BEGIN RECORDED DATA

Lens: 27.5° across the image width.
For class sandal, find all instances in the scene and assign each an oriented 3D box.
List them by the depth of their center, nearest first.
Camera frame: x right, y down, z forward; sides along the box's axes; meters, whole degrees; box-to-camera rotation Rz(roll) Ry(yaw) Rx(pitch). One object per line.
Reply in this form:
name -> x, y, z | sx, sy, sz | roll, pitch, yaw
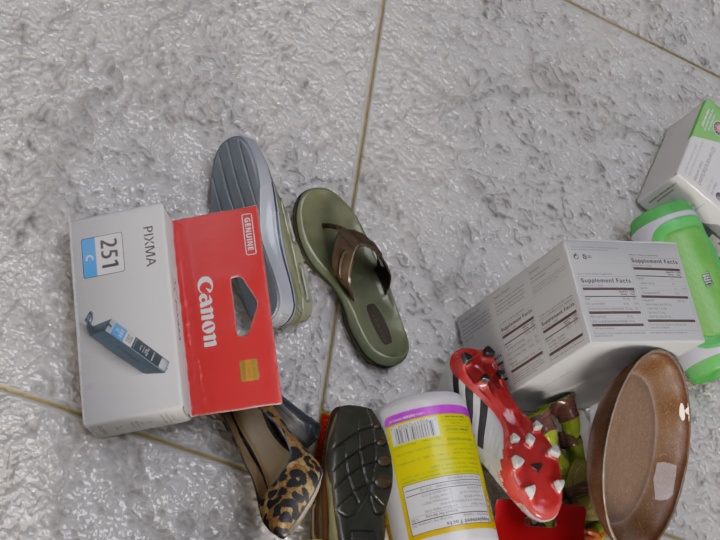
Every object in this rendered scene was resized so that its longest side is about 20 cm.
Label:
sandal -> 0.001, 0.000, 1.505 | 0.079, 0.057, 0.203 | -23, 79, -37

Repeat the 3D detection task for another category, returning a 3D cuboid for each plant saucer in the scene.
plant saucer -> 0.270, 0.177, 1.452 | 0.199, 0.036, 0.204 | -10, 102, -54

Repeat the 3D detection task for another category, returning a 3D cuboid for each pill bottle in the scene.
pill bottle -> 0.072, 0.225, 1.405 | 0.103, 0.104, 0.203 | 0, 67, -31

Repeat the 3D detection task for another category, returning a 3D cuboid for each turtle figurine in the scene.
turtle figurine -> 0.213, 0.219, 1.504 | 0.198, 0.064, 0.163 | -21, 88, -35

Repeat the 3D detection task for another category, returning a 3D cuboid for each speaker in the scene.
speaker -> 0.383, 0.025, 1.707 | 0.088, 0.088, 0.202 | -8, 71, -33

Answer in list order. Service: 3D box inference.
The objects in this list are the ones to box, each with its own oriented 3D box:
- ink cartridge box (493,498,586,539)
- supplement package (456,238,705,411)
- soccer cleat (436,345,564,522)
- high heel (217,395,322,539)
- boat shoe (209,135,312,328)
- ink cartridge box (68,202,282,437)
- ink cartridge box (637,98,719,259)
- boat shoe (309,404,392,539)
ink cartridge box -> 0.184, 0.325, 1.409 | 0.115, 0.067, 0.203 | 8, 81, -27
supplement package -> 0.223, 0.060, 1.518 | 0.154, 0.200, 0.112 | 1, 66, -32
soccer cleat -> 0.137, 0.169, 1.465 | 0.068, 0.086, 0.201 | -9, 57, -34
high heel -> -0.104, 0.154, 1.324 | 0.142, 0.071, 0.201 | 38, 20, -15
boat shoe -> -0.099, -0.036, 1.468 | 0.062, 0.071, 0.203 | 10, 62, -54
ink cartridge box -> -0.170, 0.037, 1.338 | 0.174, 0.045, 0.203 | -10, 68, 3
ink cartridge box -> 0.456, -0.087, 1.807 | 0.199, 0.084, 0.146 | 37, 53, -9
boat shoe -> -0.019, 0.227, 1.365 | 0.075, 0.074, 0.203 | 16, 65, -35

END RECORDED DATA

TASK ITEM: Look through the records for the string "roll". Copy every line that has it.

COMPLETED TASK:
Camera frame: x right, y down, z forward; sides along the box's axes; meters, whole degrees; box-to-camera rotation Rz(roll) Ry(yaw) Rx(pitch). One object per line.
name -> x, y, z | sx, sy, sz | roll, pitch, yaw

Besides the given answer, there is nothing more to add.